After a bit of a break, the FQXi podcast returns!

CNES/D. Ducros
In the news round-up, Brendan Foster and I chat about the MICROSCOPE satellite experiment, which was launched in April to put the equivalence principle--and general relativity--to the test.

General relativity's prediction of gravitational waves was famously vindicated last February, when the LIGO team announced the discovery of gravitational waves. But could these ripples in space-time be used to look for violations of general relativity and give us clues about quantum gravity? Brendan has put together a special report, including interviews with LIGO team member Alessandra Buonanno and FQXi's own Ted Jacobson, and expert on quantum gravity, to find out.

Sticking with quantum gravity, FQXi's Sabine Hossenfelder talks about her search for signs of defects in the fabric of spacetime--which could reveal if spacetime has a discrete structure--to reporter Colin Stuart. You can also read Colin's profile of Sabine, "Wrinkles in Spacetime," too.

And we have a bit of a treat to round off the podcast. The Centre for Quantum Technologies in Singapore recently ran a short story competition, with a quantum theme. Joining us is their first prize winner, author Liam Hogan, who chats about his physics background and how he comes up with the ideas for his stories. Then you get to listen to Hogan reading out his award-winning story, "Ana," in full -- recorded by Wandsworth radio's Blackshaw Arts Hour, and reproduced here with their permission.

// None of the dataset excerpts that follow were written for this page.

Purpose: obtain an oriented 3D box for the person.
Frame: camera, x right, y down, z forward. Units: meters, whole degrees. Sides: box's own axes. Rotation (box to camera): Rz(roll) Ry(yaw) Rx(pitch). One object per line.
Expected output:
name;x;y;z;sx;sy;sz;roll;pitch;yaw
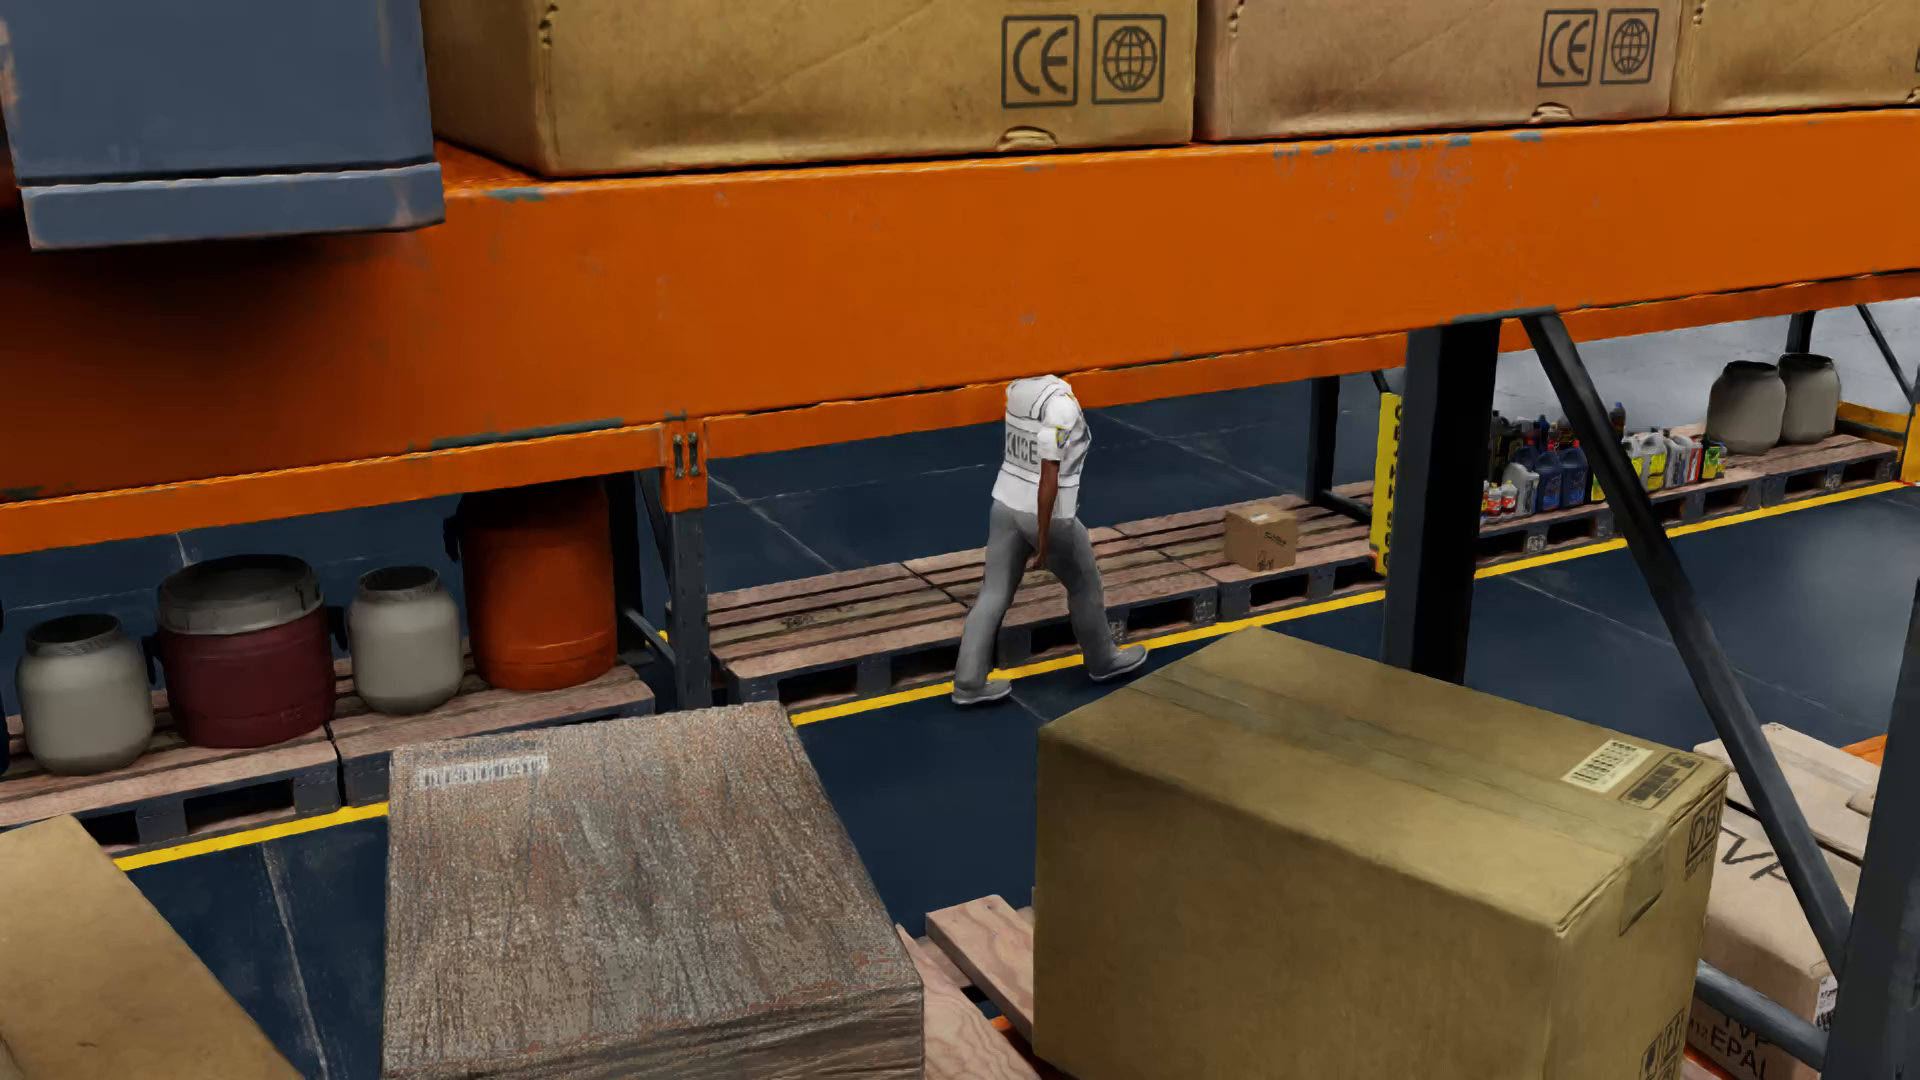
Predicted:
person;0.365;-0.148;6.989;0.941;1.625;0.465;-13;23;-34

Ooh, and if you like short stories, you might enjoy a couple of the entries to last year's Trick of Truth essay contest, asking you to explain the mysterious connection between physics and mathematics. A compilation volume of the winning essays--which have been updated and expanded--has been published by Springer and is now available to buy in a rather nice hardcover, to keep on your coffee table. You can also download individual chapters from Springer's site.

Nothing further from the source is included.